Нас обоих, кажется, удивило, какой приятной получилась эта поездка. Ни о чем личном мы не говорили, а просто болтали и судачили всю дорогу, и это время нам было хорошо вместе, как бывало давно, до того, как Розина влюбилась в меня и довела до безумия. Она с большим тактом рассказывала мне только о том, что мне хотелось услышать, — о провалах и неудачах, банкротствах и личных невзгодах. План экранизации «Одиссеи», с которым носился Фрицци, уперся в финансовые трудности, Маркус подал в суд на Алоиза из-за контракта с Нелл, третий муж Риты сбежал с танцовщиком, Фабиан опять в психиатрической больнице. Apres moi le deluge.[18] А я развлекал ее моими злоключениями в «Черном льве». И всю дорогу до Лондона я, ничем не выдавая своей озабоченности, думал о Хартли. Ведь я как-никак актер. Розина довезла меня до Ноттинг-Хилла. Мы простились дружески, не договариваясь о новой встрече. У нее хватило ума не приставать ко мне, тем более раз ей казалось, что она, используя свою власть надо мной, добилась какого-то преимущества. Я понятия не имел, что у нее на уме и что ей нужно, и скоро о ней забыл.

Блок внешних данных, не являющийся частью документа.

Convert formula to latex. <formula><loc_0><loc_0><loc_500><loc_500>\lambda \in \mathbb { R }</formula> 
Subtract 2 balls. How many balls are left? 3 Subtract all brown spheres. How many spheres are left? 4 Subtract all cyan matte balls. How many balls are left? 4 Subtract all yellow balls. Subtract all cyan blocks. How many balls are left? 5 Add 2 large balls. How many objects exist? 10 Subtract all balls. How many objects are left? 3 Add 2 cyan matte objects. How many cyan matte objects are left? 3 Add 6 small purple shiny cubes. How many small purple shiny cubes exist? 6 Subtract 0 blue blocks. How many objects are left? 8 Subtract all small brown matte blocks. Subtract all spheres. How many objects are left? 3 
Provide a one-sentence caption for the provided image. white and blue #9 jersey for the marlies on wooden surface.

Я не без приятности отдался тому немного пьянящему чувству, которое всегда охватывает меня, когда я въезжаю в Лондон, — будто в этой трагикомической столице снова возвращаешься в себя, едва оборвется общение, возникшее в поезде или в машине. Я пошел к себе на квартиру пешком (Розине я не разрешил довезти меня до места) и по дороге кое-чего купил. Открывая дверь своим ключом, ощутил болезненное волнение. Чужие загроможденные комнаты, еще хранящие запах других жизней, встретили меня враждебно. Я сразу принялся разыскивать фотографии Хартли. Подумал, уж не пропали ли они при переезде, но все обошлось. Я вывалил их из конверта и разложил на столе — пожелтевшие, выцветшие, с завернутыми краями. Почти все — моментальные снимки, моя работа. Хартли смеется или улыбается, ветер раздувает ее волосы и юбку, Хартли на мосту над каналом, держит велосипед, прислонилась к калитке, на коленях среди лютиков, смотрит на меня, и все лицо ее дышит любовью. Я пробовал найти сходство, уловить связь между молодым лицом и старым, прежним и новым. Но образы возникали слишком страшные, слишком мучительные, очень уж веяло от них молодостью и счастьем. И, опасаясь дать волю чувствам, я быстро собрал карточки и сунул обратно в конверт, чтобы увезти в Шрафф-Энд.